Apropos

20.1 File System Concepts

This section describes the Common Lisp interface to file systems. The model used by this interface assumes that files are named by filenames, that a filename can be represented by a pathname object, and that given a pathname a stream can be constructed that connects to a file whose filename it represents.

For information about opening and closing files, and manipulating their contents, see Chapter 21 (Streams).

Figure 20–1 lists some operators that are applicable to files and directories.

20.1.1 Coercion of Streams to Pathnames

A stream associated with a file is either a file stream or a synonym stream whose target is a stream associated with a file. Such streams can be used as pathname designators.

Normally, when a stream associated with a file is used as a pathname designator, it denotes the pathname used to open the file; this may be, but is not required to be, the actual name of the file.

Some functions, such as truename and delete-file, coerce streams to pathnames in a different way that involves referring to the actual file that is open, which might or might not be the file whose name was opened originally. Such special situations are always notated specifically and are not the default.

20.1.2 File Operations on Open and Closed Streams

Many functions that perform file operations accept either open or closed streams as arguments; see Section 21.1.3 (Stream Arguments to Standardized Functions).

Of these, the functions in Figure 20–2 treat open and closed streams differently.

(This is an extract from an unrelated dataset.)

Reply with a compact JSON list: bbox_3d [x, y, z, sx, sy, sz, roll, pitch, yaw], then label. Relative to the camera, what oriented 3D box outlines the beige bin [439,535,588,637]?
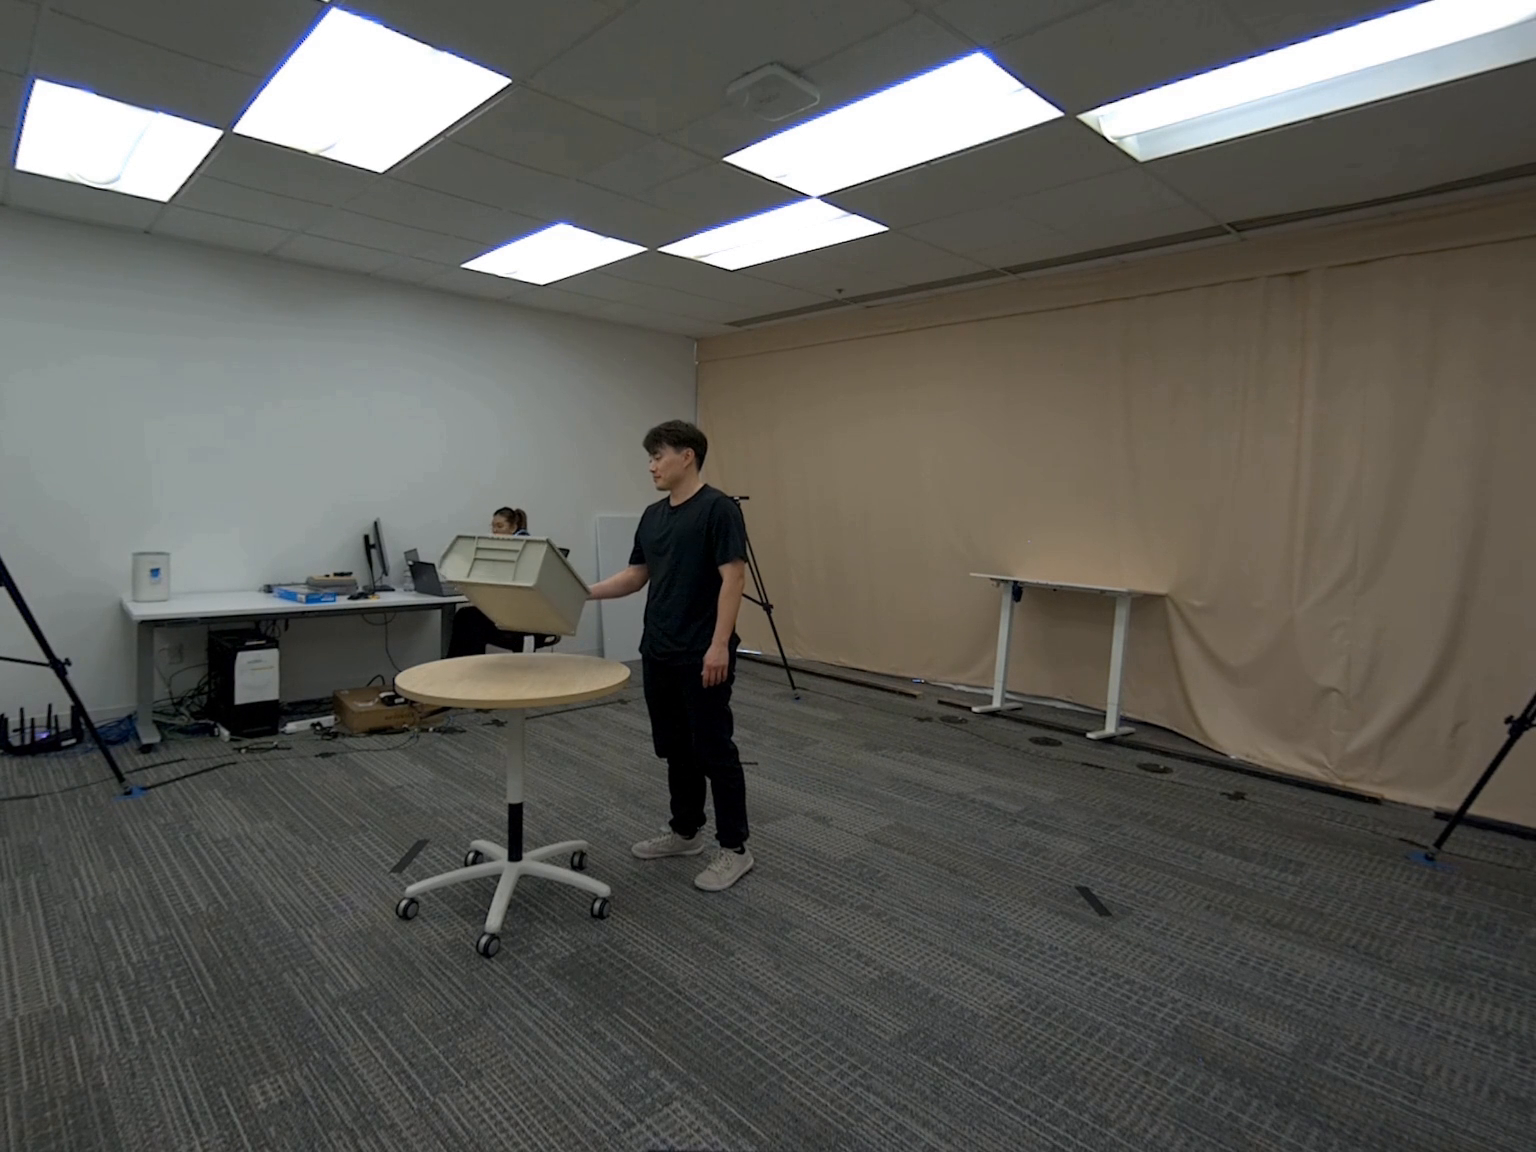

Figure 20–2. File Functions that Treat Open and Closed Streams Differently

Since treatment of open streams by the file system may vary considerably between implementations, however, a closed stream might be the most reliable kind of argument for some of these functions — in particular, those in Figure 20–3. For example, in some file systems, open files are written under temporary names and not renamed until closed and/or are held invisible until closed. In general, any code that is intended to be portable should use such functions carefully.

Figure 20–3. File Functions where Closed Streams Might Work Best

20.1.3 Truenames

Many file systems permit more than one filename to designate a particular file.

Even where multiple names are possible, most file systems have a convention for generating a canonical filename in such situations. Such a canonical filename (or the pathname representing such a filename) is called a truename.

The truename of a file may differ from other filenames for the file because of symbolic links, version numbers, logical device translations in the file system, logical pathname translations within Common Lisp, or other artifacts of the file system.

The truename for a file is often, but not necessarily, unique for each file. For instance, a Unix file with multiple hard links could have several truenames.

20.1.3.1 Examples of Truenames

For example, a DEC TOPS-20 system with files PS:<JOE>FOO.TXT.1 and PS:<JOE>FOO.TXT.2 might permit the second file to be referred to as PS:<JOE>FOO.TXT.0, since the “.0” notation denotes “newest” version of several files. In the same file system, a “logical device” “JOE:” might be taken to refer to PS:<JOE>” and so the names JOE:FOO.TXT.2 or JOE:FOO.TXT.0 might refer to PS:<JOE>FOO.TXT.2. In all of these cases, the truename of the file would probably be PS:<JOE>FOO.TXT.2.

If a file is a symbolic link to another file (in a file system permitting such a thing), it is conventional for the truename to be the canonical name of the file after any symbolic links have been followed; that is, it is the canonical name of the file whose contents would become available if an input stream to that file were opened.

In the case of a file still being created (that is, of an output stream open to such a file), the exact truename of the file might not be known until the stream is closed. In this case, the function truename might return different values for such a stream before and after it was closed. In fact, before it is closed, the name returned might not even be a valid name in the file system — for example, while a file is being written, it might have version :newest and might only take on a specific numeric value later when the file is closed even in a file system where all files have numeric versions.